OK, so I actually read the entire TACC section of the owners manual. Almost all the situations I encountered are covered, and the manual clearly warns that TACC may not correctly respond. There are so many warnings, that one may choose not to use it for fear of their life. These include slowing down for highway exits, even if you don't take them, slowing for curves, and a number of other situations. 

I do disagree with those of you that feel the FSD computer may not improve TACC under these conditions. According to the manual, TACC uses both the front facing cameras and radar, and other sensors, pretty much the same as AP. An increase in processing speed may benefit all the automatous/semi-automatous functions based upon these built-in cameras and sensors. Personally, I'd gotta believe it can't hurt, even though Musk at one time in the last year or so said the new hardware was not necessary for TACC. I would agree with that if you like the way it functions today.
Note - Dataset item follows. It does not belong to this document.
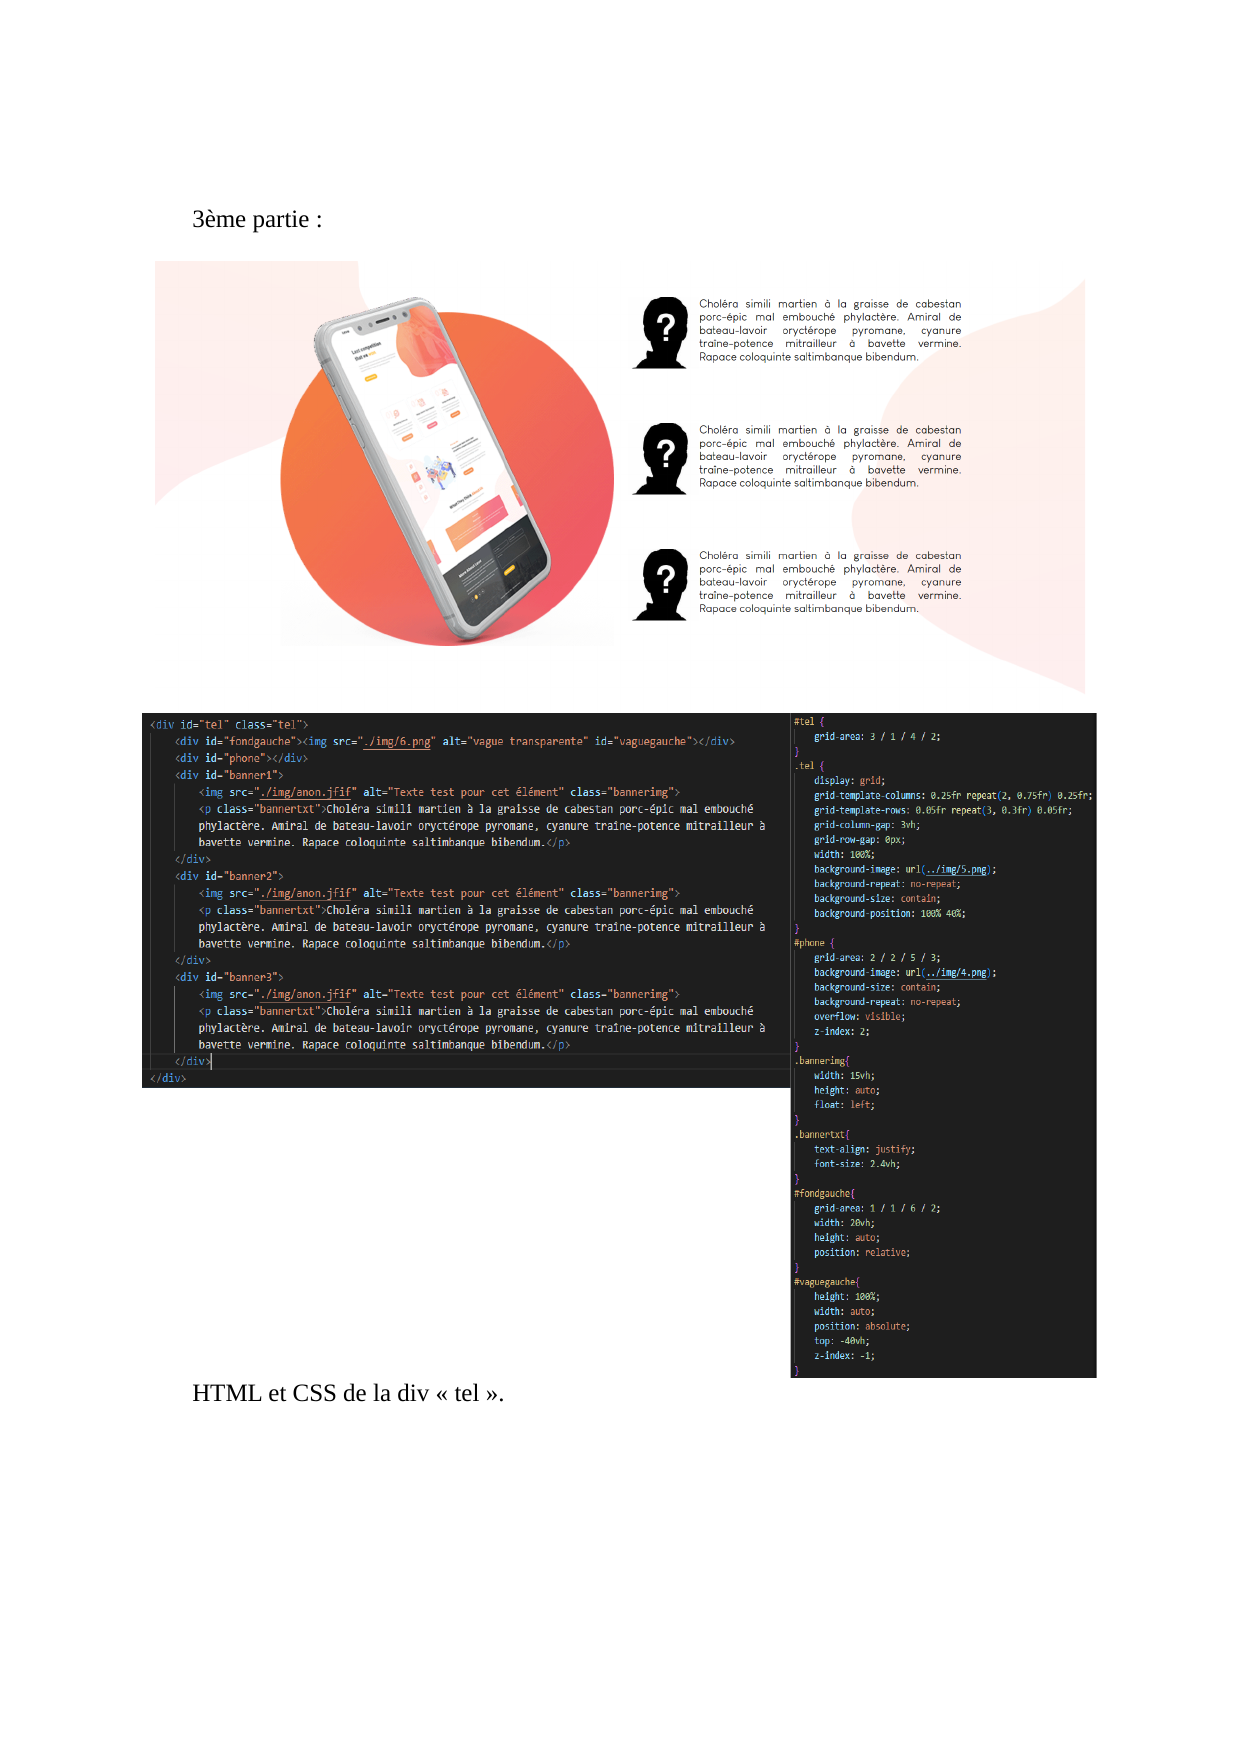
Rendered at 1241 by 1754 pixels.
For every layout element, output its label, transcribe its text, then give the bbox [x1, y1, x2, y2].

text HTML et CSS de la div « tel ». [192, 1378, 1122, 1406]
picture [142, 261, 1097, 1378]
text 3ème partie : [192, 204, 1122, 233]

His statement was made well before the current AP configuration of the car became standard.

Today I used both TACC and AP without incident. Also just got 2019.20.4.2; third update in four days.


----------



## RickO2018 (Mar 13, 2018)

On a related note, there is a patch of road near me that the GPS reports 15MPH causing the car to disengage auto steer. The posted speed limit in this area is 25MPH, not 15MPH. I've come across disconnects with posted speeds and GPS information on other roads as well. Does anyone know of a process to alert Google of the error?


----------



## Long Ranger (Jun 1, 2018)

RickO2018 said:


> On a related note, there is a patch of road near me that the GPS reports 15MPH causing the car to disengage auto steer. The posted speed limit in this area is 25MPH, not 15MPH. I've come across disconnects with posted speeds and GPS information on other roads as well. Does anyone know of a process to alert Google of the error?


This post listed the steps: Speed_limit


----------



## MelindaV (Apr 2, 2016)

RickO2018 said:


> On a related note, there is a patch of road near me that the GPS reports 15MPH causing the car to disengage auto steer. The posted speed limit in this area is 25MPH, not 15MPH. I've come across disconnects with posted speeds and GPS information on other roads as well. Does anyone know of a process to alert Google of the error?


I followed the steps in the post @Long Ranger linked to for my section of 50MPH freeway that has been showing as 70MPH. It has been corrected on Google, but we've not yet gotten a map update, so there is a lag for sure on these getting back to the car's maps.
(current maps are 2019.6 - we are currently in week 25, so the current maps is at least 19 weeks out of date.)


----------



## RickO2018 (Mar 13, 2018)

Thanks Long Ranger and MeLindaV. I followed the steps as described this am and Google's auto response achnowledged. We'll see how long it takes for the map to update.


----------



## gary in NY (Dec 2, 2018)

RickO2018 said:


> Thanks Long Ranger and MeLindaV. I followed the steps as described this am and Google's auto response achnowledged. We'll see how long it takes for the map to update.


There are a few of those issues on my regular routes. I may give that a try. They aways screw up AP.


----------